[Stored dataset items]
*** Begin section ***
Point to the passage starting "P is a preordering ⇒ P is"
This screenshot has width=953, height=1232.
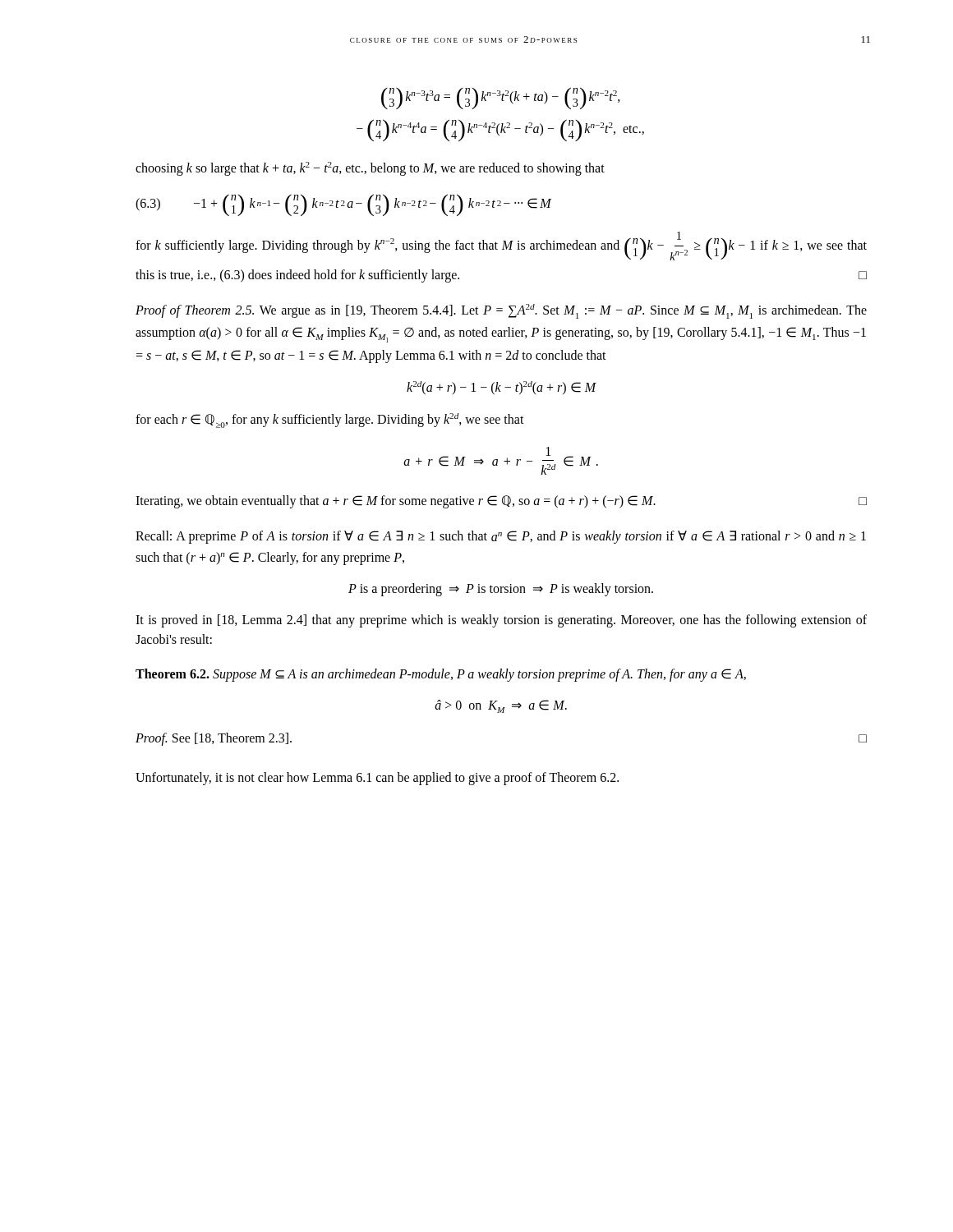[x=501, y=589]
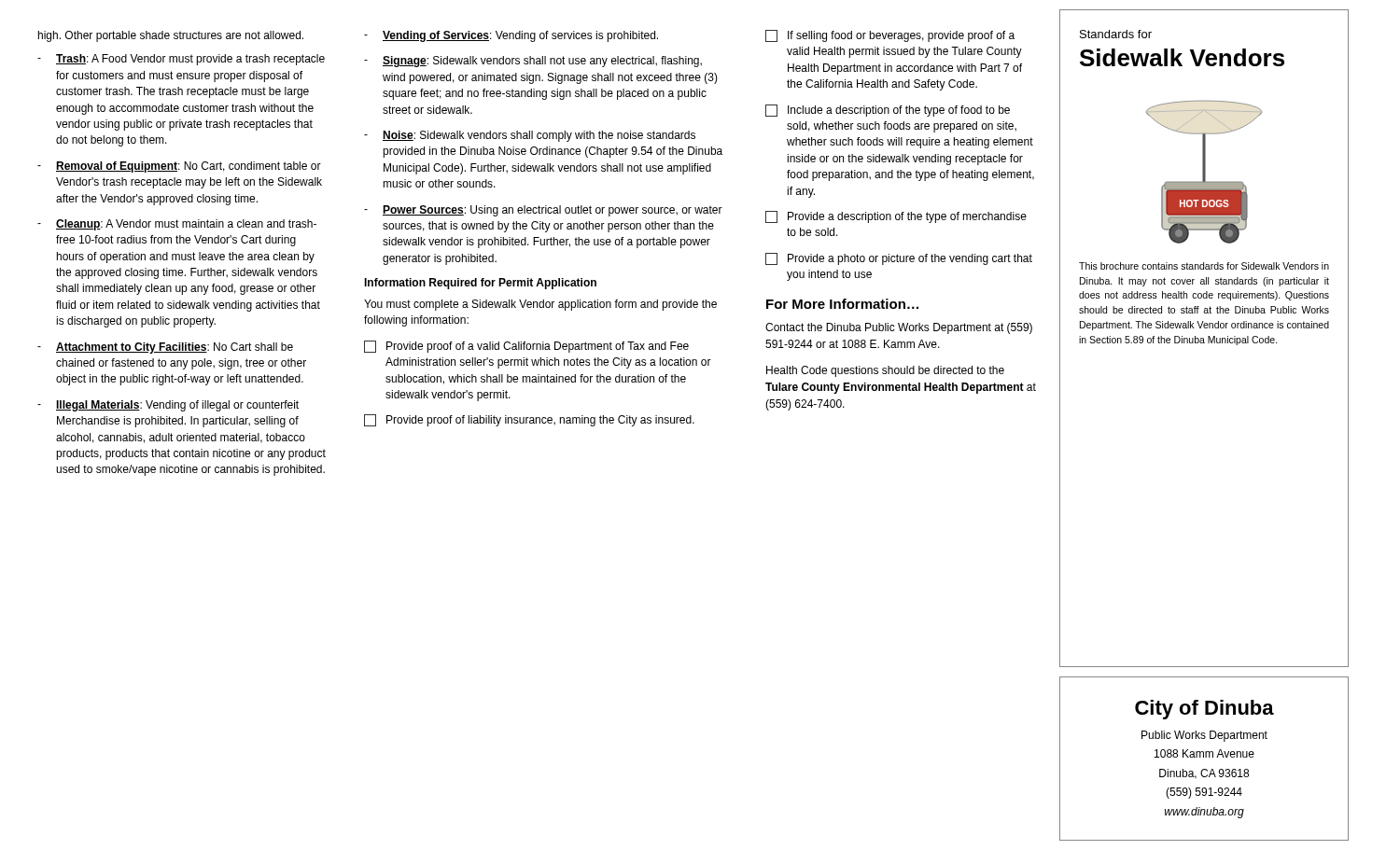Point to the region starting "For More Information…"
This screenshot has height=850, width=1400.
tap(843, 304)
*** End section ***
Every entry above is to be copied verbatim, with the pictures removed.

## [RESULT OF THE TASK]
Point to the passage starting "P is a preordering ⇒ P is"
This screenshot has width=953, height=1232.
[x=501, y=589]
Point to the region starting "For More Information…"
This screenshot has height=850, width=1400.
tap(843, 304)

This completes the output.